- Directed by: Jon J. Whelan
- Written by: Bryan Gunnar Cole; Jon J. Whelan;
- Produced by: Krista Saponara; Jon J. Whelan;
- Distributed by: Net Return Entertainment
- Release date: November 27, 2015;
- Running time: 91 minutes
- Country: United States
- Language: English

= Stink! =

Stink! is a 2015 American documentary film directed by Jon J. Whelan. The film explores why there are toxins and carcinogens legally hidden in American consumer products. The film received multiple positive reviews. Stink! has appeared in 25 film festivals globally, and won multiple awards including Best Documentary Feature, at several film festivals.

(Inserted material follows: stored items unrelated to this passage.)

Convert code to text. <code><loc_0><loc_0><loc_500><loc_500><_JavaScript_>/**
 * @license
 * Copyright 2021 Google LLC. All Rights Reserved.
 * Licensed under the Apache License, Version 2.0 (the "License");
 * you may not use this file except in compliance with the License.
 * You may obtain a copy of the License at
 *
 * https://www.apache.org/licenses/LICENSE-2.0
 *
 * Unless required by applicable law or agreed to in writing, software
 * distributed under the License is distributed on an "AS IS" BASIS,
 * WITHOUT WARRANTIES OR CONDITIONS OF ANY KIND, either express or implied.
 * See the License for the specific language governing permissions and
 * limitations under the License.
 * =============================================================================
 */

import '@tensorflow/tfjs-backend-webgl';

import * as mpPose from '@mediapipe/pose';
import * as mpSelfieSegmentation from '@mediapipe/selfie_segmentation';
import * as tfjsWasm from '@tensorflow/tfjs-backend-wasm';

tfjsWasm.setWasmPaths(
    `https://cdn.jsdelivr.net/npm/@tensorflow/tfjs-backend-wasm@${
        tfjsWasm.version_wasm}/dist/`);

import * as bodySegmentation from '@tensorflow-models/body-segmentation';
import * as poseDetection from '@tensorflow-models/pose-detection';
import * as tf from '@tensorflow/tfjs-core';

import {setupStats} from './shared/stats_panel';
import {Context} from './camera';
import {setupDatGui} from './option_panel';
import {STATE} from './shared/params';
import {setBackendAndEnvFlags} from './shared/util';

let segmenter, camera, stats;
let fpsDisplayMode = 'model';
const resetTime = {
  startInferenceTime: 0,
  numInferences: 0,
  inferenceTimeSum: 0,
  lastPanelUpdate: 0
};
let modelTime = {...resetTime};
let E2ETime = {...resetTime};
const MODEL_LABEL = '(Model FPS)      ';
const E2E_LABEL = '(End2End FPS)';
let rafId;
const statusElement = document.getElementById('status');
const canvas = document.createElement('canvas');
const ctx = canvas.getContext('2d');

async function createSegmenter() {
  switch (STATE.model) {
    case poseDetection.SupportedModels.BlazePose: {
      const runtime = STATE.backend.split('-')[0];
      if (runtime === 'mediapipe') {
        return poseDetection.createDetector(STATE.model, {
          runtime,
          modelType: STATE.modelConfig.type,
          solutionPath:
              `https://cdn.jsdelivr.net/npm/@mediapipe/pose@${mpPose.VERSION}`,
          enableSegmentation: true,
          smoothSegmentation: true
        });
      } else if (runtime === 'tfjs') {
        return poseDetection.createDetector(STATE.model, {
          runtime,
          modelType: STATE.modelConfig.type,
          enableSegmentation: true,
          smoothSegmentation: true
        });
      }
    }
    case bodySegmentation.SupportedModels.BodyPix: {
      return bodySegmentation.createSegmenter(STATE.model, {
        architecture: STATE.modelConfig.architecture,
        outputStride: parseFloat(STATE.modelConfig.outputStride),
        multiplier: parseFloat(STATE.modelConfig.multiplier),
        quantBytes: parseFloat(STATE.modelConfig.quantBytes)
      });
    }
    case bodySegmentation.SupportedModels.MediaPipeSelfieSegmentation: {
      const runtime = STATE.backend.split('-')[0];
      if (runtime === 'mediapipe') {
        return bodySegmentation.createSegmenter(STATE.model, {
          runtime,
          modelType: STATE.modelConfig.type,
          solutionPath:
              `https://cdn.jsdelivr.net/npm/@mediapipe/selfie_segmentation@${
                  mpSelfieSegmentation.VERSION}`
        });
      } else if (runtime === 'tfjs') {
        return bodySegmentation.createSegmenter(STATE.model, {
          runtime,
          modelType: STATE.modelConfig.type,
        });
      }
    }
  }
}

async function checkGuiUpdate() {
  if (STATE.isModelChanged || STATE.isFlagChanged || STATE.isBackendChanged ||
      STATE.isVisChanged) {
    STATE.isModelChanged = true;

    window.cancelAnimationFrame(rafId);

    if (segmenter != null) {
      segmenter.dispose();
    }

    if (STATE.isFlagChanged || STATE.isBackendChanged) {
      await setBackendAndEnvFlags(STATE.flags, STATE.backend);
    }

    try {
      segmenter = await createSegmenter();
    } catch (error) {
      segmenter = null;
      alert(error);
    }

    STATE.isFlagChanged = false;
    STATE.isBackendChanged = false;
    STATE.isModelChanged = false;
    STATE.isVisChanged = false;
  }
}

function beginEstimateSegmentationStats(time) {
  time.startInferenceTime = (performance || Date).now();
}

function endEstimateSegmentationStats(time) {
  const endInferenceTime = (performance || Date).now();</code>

It premiered on Netflix on November 1, 2018.

==Critical reception==
The film has received a rating of 89 percent on Rotten Tomatoes, based on nine reviews with an average rating of 5.50 out of 10. The New York Times called the documentary "sensible and unnerving" and "heartfelt". The Village Voice called Stink! "way more emotionally affecting.... than early Michael Moore." Variety wrote that its "arguments regarding toxic chemical pollutants found in everyday products are lucid and reasonable to the point of being inarguable" and it "carries with it the unassailable whiff of common sense.” The Boston Globe praised the film, saying, "Whelan's premise might be the stuff of farce, but what he uncovers is more than just a bad smell."

==Awards==
The film has been shown in 25 film festivals globally and won numerous awards, including best documentary in the Memphis International Film Festival, best environmental film at the Sedona Film Festival, best environmental feature at the Atlanta International Documentary Film Festival, best documentary at the Carmel International Film Festival, and best of the fest at the First Glance Film Festival.